While later generations of bartenders would claim the drink was invented at The Pendennis Club in the 1880s the etymological roots of the drink have always been more believable to me. As you may imagine drinks were made very differently in the early 1800s from how they are now, no matter how “pre-Prohibition” a place claims to be deep down we know it’s not the same. Now imagine that you actually did know what it used to be like and all these new changes, changes like plentiful ice and clean water for making simple syrup, are ruining your favorite drink. So instead of getting it done with all these new age techniques you would ask for your cocktail “the old fashioned way.”

It all starts with that base spirit. Forevermore this drink will be linked to whiskey but it works with any base spirit, any at all.

Over the past 200 years the drink has survived, thrived, been basterdized, been reinvented, reimagined and misunderstood. But why does it work? Why has this drink lasted through the centuries why so many others have disappeared to never be drunk again? This is what triggers my intellectual arousal.

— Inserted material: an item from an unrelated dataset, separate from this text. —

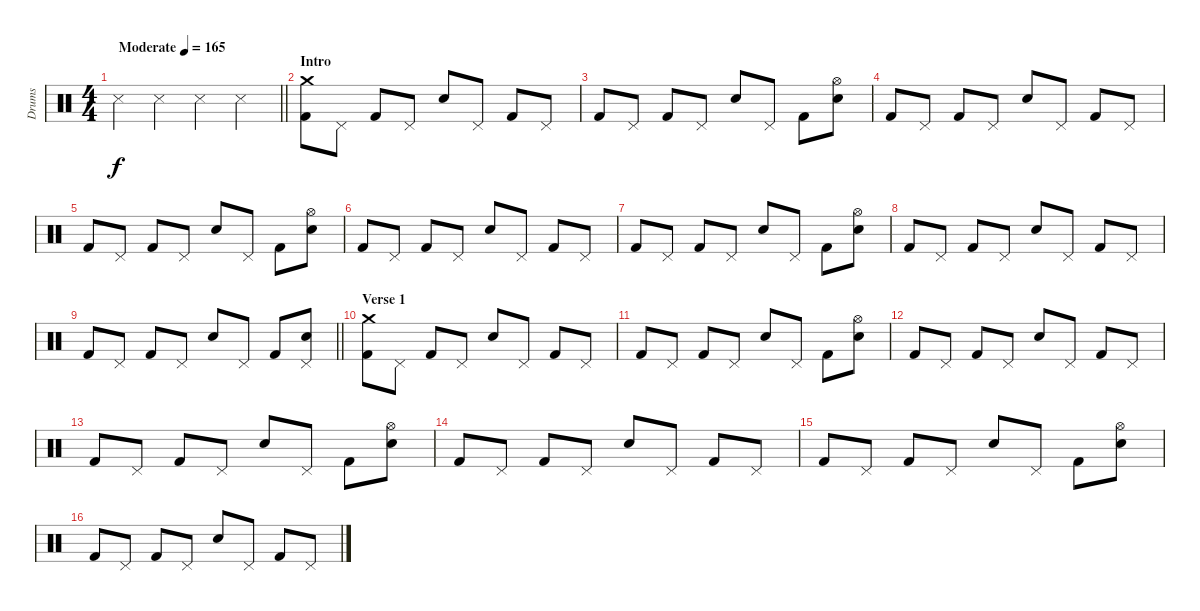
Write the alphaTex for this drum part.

What this drink does is trick our brains. It takes basic tools, and basic culinary science, and polishes the rough edges off of a spirit allowing the heart and magic that is the core of it’s flavor. Unlike a sour or a daisy that seeks to fully incorporate a wide range of flavors into one cohesive whole, essentially masking the alcohol, this seeks to enhance the elements that are already there. It highlights the spirit.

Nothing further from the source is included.